### Exercise
Return, word for word, only the lines of the data below that lie between the line with "Page size: 1241x1754." and the line with "text Figuur 7: Transitie", those two lines included.

### Records supplied
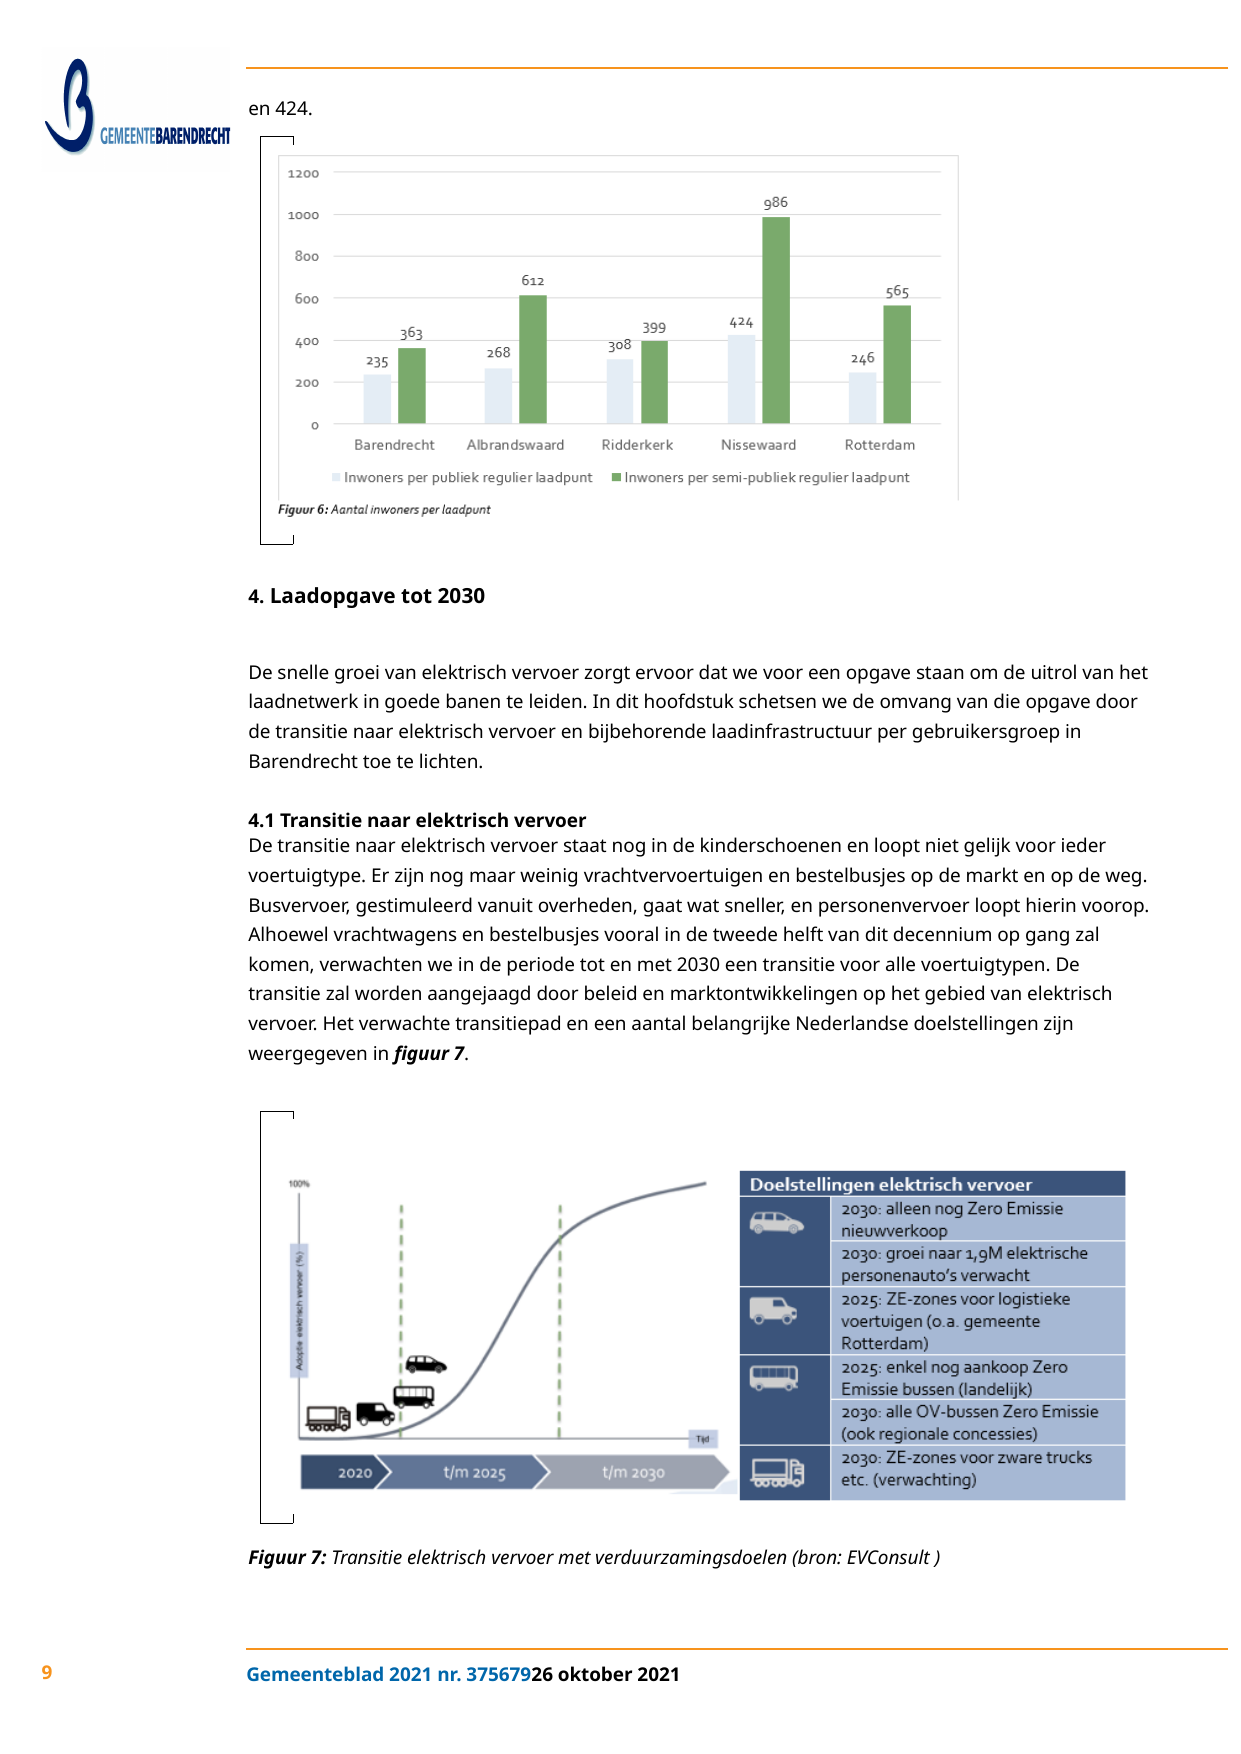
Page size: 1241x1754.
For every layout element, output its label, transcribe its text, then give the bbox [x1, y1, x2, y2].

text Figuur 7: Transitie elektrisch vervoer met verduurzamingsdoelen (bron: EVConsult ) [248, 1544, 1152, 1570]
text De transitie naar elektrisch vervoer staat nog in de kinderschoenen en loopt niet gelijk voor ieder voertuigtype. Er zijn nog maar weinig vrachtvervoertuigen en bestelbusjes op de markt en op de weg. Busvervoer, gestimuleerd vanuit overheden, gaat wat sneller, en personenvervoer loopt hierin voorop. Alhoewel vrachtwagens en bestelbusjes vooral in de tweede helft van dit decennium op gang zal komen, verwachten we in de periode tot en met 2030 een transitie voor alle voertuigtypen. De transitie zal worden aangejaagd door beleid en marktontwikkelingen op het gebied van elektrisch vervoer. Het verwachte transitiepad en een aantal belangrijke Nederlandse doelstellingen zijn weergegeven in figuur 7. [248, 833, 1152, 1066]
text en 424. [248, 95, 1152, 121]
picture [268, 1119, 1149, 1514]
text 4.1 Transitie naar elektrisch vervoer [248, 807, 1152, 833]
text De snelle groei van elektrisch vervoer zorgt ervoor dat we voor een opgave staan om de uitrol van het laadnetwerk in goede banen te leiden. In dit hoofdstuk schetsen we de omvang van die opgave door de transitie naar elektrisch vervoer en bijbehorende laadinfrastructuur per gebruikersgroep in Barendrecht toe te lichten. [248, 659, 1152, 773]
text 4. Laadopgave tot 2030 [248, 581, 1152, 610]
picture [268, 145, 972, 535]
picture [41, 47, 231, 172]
---
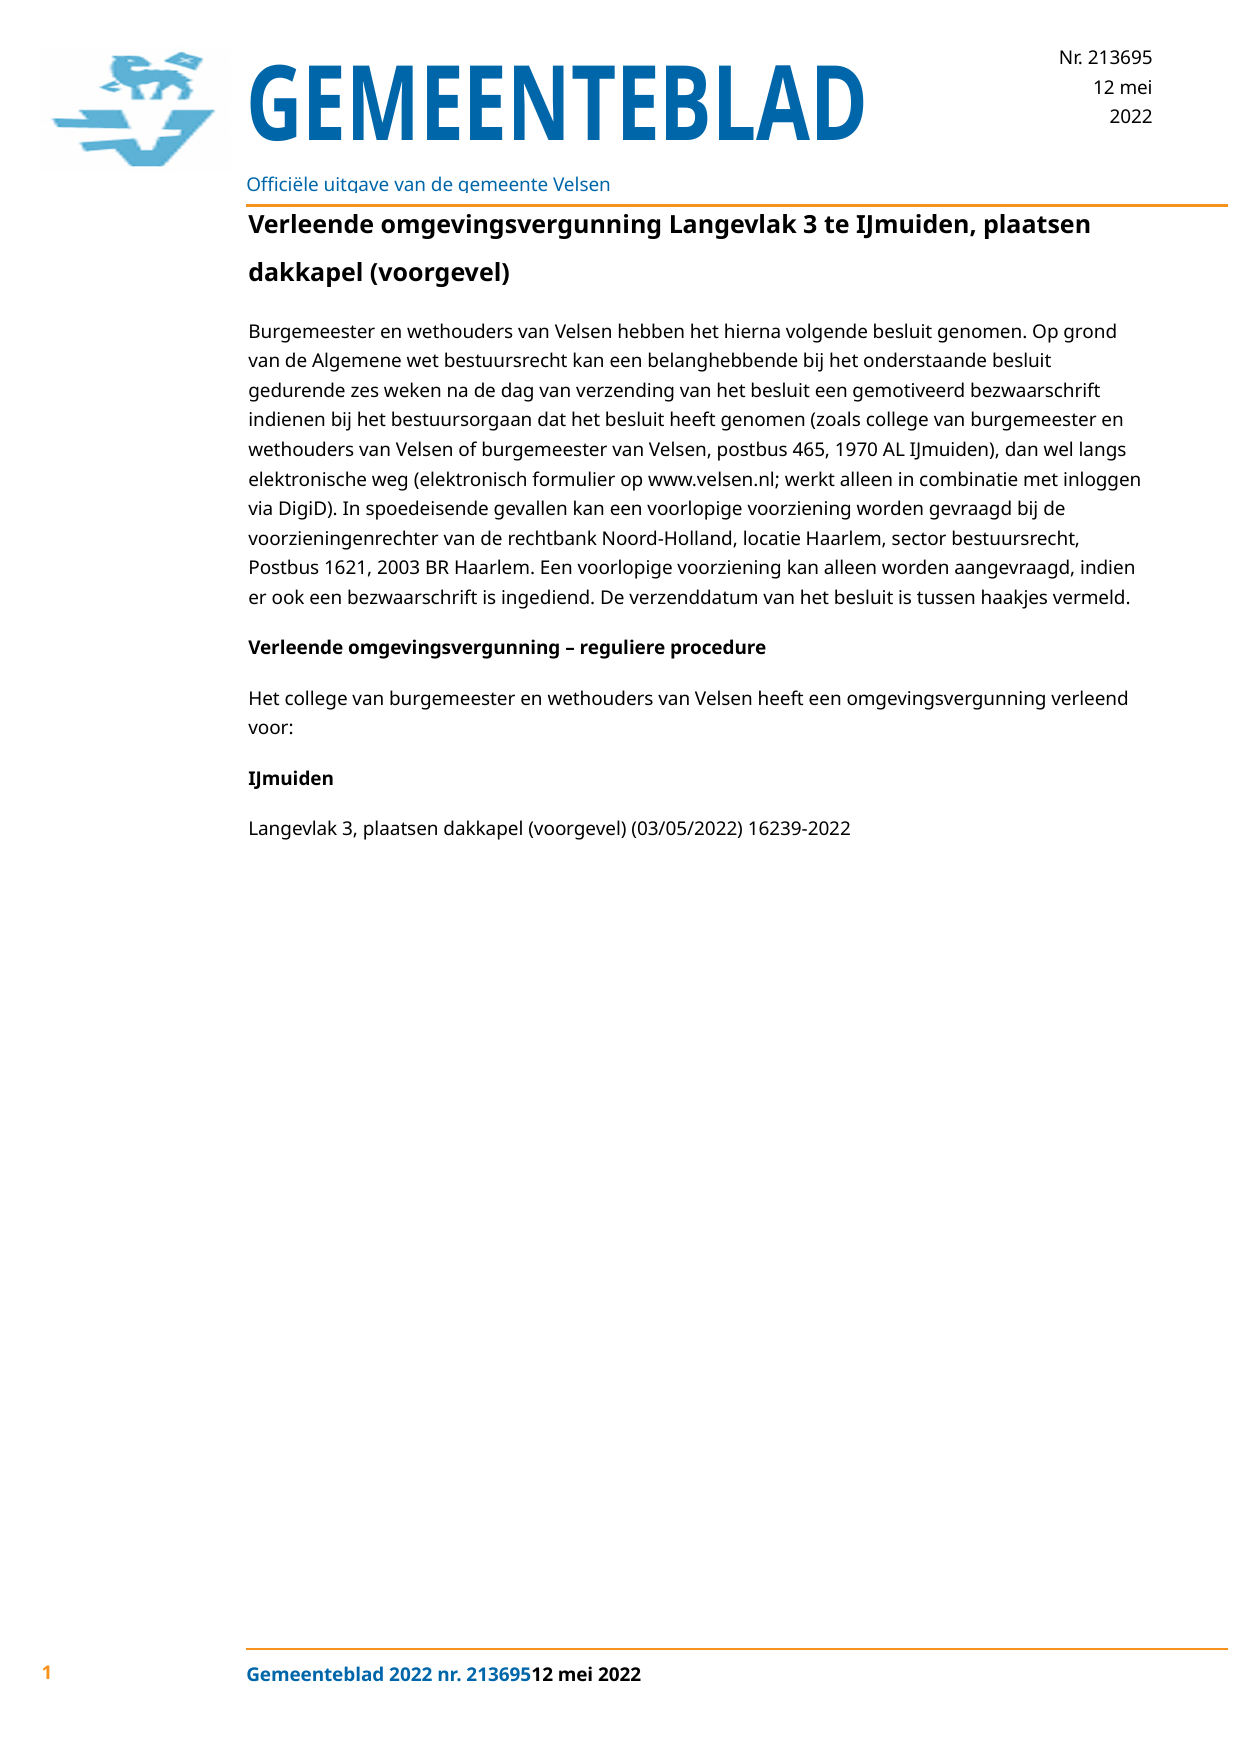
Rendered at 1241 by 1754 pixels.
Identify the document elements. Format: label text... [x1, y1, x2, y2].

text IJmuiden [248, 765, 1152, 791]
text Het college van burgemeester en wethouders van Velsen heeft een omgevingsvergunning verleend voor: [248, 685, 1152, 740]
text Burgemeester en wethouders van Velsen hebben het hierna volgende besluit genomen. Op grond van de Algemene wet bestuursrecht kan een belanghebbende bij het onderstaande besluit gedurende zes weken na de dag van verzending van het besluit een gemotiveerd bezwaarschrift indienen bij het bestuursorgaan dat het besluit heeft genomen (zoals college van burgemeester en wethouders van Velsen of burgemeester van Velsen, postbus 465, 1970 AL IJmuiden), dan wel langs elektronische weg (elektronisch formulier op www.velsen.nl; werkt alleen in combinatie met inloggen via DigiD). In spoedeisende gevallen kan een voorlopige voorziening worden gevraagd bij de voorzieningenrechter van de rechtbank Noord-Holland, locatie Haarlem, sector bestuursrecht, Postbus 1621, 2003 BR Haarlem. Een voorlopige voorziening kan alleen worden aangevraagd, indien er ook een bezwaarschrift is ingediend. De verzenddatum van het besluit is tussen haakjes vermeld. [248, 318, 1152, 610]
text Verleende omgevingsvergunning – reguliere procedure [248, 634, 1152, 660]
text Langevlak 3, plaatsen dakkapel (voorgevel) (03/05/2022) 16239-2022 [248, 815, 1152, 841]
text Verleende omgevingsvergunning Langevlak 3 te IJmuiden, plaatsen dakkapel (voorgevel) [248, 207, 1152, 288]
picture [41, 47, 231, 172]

### Answer box
Page size: 1241x1754.
For every layout element, output its label, transcribe its text, then give the bbox [x1, y1, x2, y2].

text Figuur 7: Transitie elektrisch vervoer met verduurzamingsdoelen (bron: EVConsult ) [248, 1544, 1152, 1570]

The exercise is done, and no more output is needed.